The two semi-finals and the final were broadcast in Austria on ORF eins with commentary by Andi Knoll. The Austrian spokesperson, who announced the Austrian votes during the final, was Kati Bellowitsch.

=== Semi-final ===
Trackshittaz took part in technical rehearsals on 14 and 18 May, followed by dress rehearsals on 21 and 22 May. This included the jury show on 21 May where the professional juries of each country watched and voted on the competing entries.
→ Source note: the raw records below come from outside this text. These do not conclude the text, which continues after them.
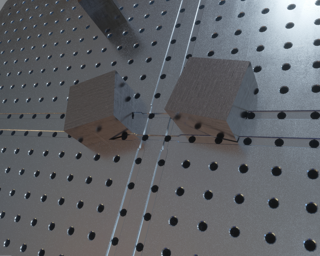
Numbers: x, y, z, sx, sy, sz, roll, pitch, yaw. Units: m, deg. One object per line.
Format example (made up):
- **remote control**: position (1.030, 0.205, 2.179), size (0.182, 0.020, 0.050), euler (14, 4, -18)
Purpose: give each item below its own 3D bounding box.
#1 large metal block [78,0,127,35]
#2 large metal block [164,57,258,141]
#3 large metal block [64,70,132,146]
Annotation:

The Austrian performance featured the members of Trackshittaz performing with three female pole dancers around the five poles on stage. The performers were in LED costumes attached with lines of white and yellow lights, with a tunnel effect with alternate flashing stripes and spotlights appearing on the LED screens. The three pole dancers that joined Trackshittaz were: Bianca Borghesi, Conny Aitzetmüller and Marie-Therese Leopoldsberger.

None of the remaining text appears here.